Univention Bugzilla – Bug 49940
Check RAM over-commitment before live migration by only using available memory
Last modified: 2023-06-28 10:46:09 CEST
+++ This bug was initially created as a clone of Bug #48098 +++ UVMM should detect CPU/RAM/... over-commitment when a live migration is triggered and issue a warning. A customer has regular problems with over-commitment because they have quite a lot of KVM servers and always checking resources of both migration partners quickly becomes a tedious task. Additionally to the fix from the original bug we need to check for the migration only for available memory. In customer environment after a live migration the host (and all VMs) went unusable due to the high amount of swap in/out or low memory ressources. The check should consider the possiblity of a memory leak and therefor not use the total amount of memory but the available amount of memory (which is free+bug/cache).
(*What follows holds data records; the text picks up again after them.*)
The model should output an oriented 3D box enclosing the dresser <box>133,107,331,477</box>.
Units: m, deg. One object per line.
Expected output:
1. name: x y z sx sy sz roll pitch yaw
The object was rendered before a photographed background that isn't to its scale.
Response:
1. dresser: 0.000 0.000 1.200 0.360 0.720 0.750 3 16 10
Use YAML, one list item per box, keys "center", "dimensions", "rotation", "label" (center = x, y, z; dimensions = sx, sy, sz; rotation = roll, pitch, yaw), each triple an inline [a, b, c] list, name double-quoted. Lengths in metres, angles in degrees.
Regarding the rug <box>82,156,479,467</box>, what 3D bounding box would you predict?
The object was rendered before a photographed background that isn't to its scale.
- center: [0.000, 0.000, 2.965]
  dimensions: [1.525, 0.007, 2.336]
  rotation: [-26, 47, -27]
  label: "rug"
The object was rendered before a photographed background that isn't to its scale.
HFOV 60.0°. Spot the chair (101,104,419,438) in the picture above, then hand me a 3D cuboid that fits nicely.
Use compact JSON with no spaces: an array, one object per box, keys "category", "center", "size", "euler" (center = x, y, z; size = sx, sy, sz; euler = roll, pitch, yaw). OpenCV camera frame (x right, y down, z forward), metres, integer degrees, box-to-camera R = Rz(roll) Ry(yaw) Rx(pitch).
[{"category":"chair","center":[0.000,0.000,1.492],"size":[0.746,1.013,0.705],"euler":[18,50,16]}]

I think the best/savest solution should be: Free/Useable RAM for new/migrated VMs = "Total RAM by e.g. by free" - "Max useable RAM of ALL VMs" - "RAM used by Host System excl. VMs" - "Buffer from uvmm/overcommit/reserved e.g for system qemu-Processes"
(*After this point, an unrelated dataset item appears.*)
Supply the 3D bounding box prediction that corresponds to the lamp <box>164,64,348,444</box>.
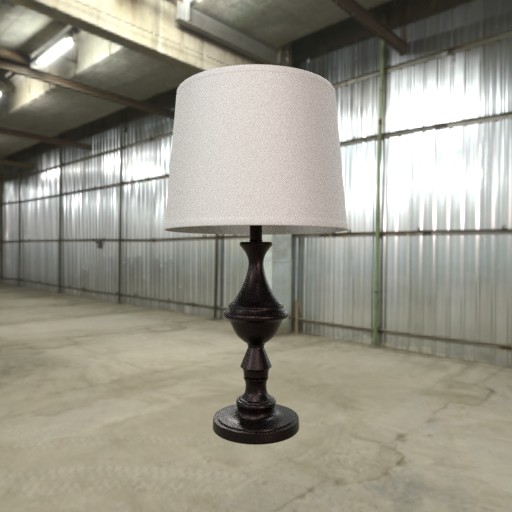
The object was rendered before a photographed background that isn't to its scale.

We should add an additional check to test whether the configured RAM of a to be migrated or to be started virtual machine fits in the currently available free memory. We can not check whether some process might have a memory leak now or in the future. This needs to be monitored with other available tools (Nagios, UCS Dashboard) as it can occur at any time, not only while a virtual machine is started / migrated. The "uvmm/overcommit/reserved" configuration is meant to include both the needed RAM for standard services on the node and RAM needed to manage virtual machines and other QEMU related needs.
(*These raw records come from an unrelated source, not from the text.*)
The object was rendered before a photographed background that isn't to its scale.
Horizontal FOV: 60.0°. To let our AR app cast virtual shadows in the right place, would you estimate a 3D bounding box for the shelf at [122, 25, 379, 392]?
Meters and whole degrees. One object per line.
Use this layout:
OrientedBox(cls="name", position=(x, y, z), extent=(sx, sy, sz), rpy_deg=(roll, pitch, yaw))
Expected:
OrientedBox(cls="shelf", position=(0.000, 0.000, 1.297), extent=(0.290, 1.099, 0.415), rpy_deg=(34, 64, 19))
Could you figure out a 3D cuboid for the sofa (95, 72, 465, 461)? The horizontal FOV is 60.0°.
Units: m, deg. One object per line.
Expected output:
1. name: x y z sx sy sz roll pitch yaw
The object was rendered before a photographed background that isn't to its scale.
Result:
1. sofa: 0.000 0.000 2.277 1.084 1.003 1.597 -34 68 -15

From my understanding the support case related to this Bug Report is closed, so I unset the "Waiting for Support" flag.
This issue has been filed against UCS 4.3. UCS 4.3 is out of maintenance and many UCS components have changed in later releases. Thus, this issue is now being closed. If this issue still occurs in newer UCS versions, please use "Clone this bug" or reopen it and update the UCS version. In this case please provide detailed information on how this issue is affecting you.